● **SOURCE INFORMATION**:
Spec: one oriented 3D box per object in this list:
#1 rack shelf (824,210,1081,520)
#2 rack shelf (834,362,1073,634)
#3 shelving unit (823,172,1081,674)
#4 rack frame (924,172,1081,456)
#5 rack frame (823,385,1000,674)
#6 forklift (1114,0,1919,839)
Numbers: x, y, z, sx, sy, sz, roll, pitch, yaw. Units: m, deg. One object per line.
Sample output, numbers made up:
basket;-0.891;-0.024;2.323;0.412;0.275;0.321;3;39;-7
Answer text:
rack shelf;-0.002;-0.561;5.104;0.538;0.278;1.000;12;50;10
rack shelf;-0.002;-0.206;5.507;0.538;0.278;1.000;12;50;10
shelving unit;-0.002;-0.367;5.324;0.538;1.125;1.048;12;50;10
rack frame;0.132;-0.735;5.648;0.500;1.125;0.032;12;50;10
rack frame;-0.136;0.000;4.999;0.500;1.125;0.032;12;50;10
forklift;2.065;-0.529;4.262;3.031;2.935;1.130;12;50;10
* * *
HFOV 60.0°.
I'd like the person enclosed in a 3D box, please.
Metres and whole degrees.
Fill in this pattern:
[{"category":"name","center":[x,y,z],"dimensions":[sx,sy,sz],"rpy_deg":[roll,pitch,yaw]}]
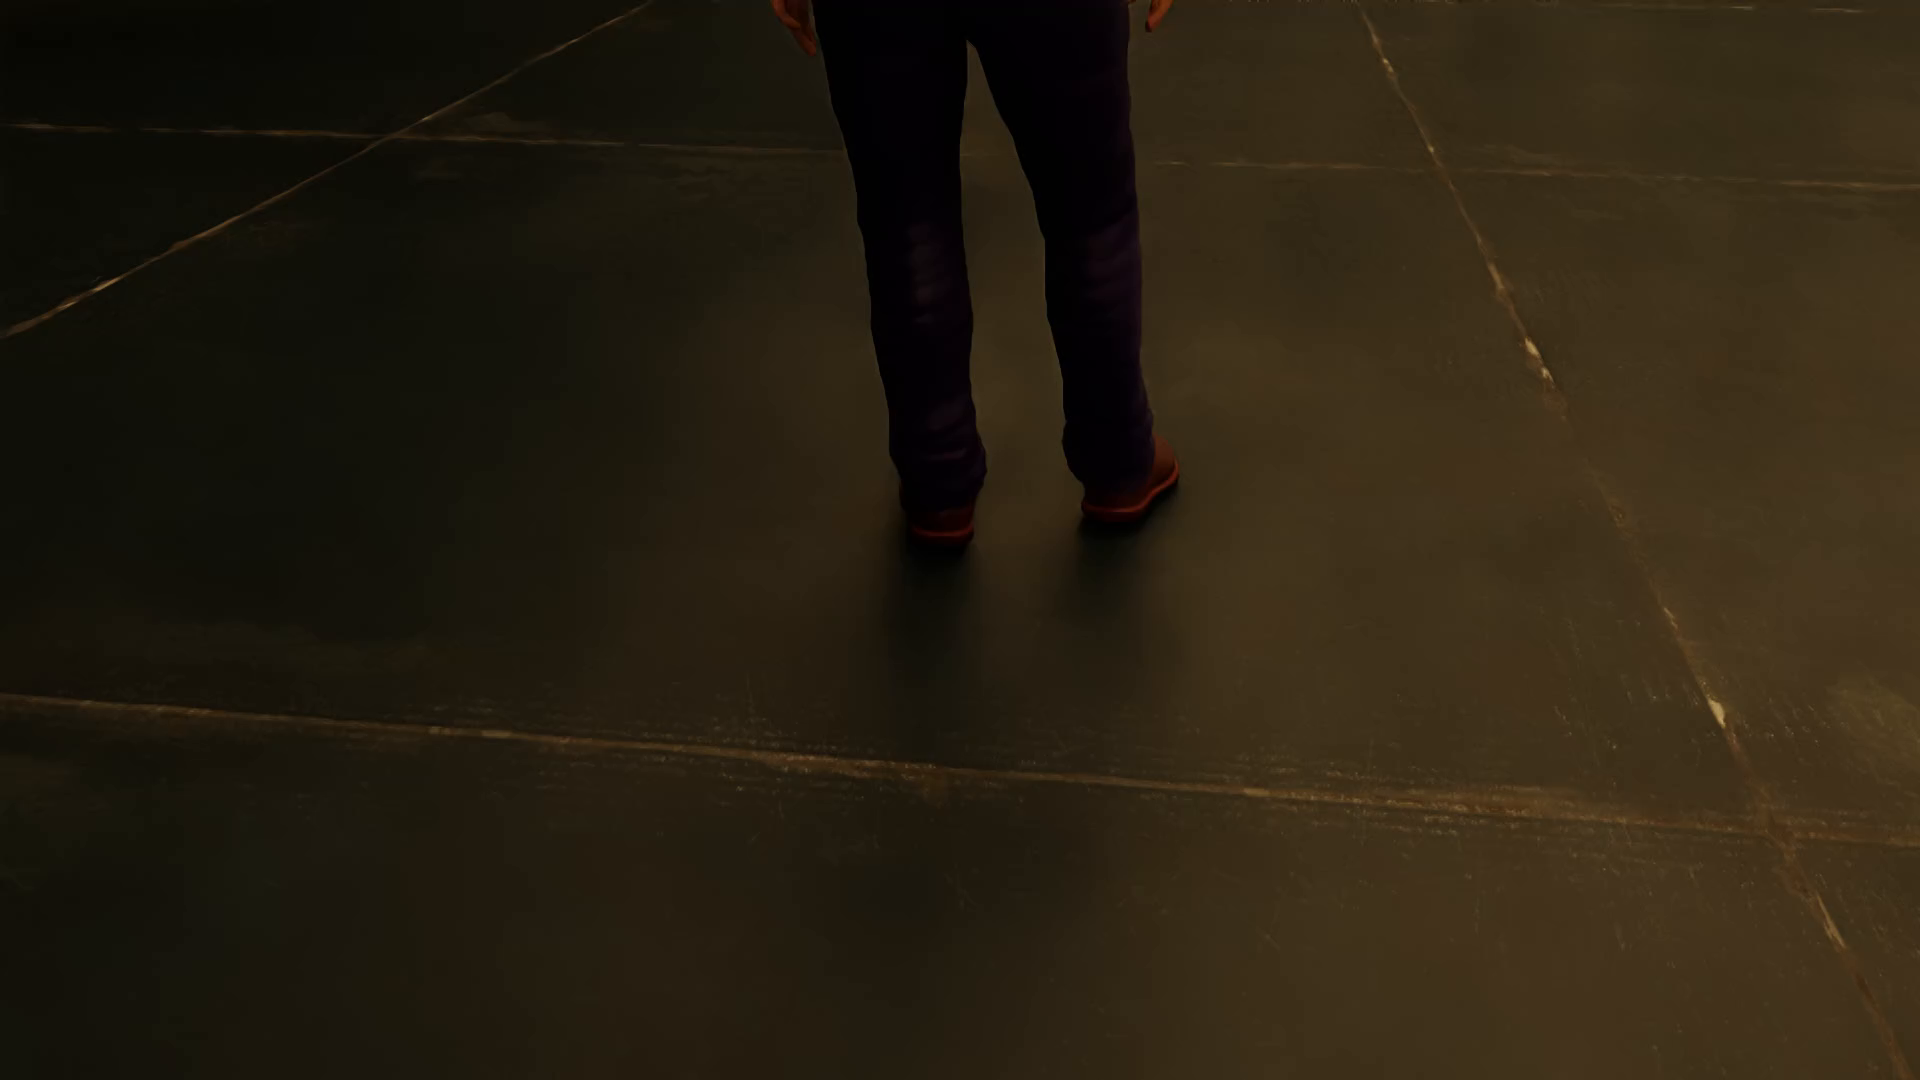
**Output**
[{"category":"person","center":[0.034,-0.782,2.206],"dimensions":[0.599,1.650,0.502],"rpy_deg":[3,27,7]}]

● **WHAT IS REQUIRED**: Examine the records above and give the number of lines in which the string "pitch" appears, with no other words.

● **COMPLETED TASK**: 2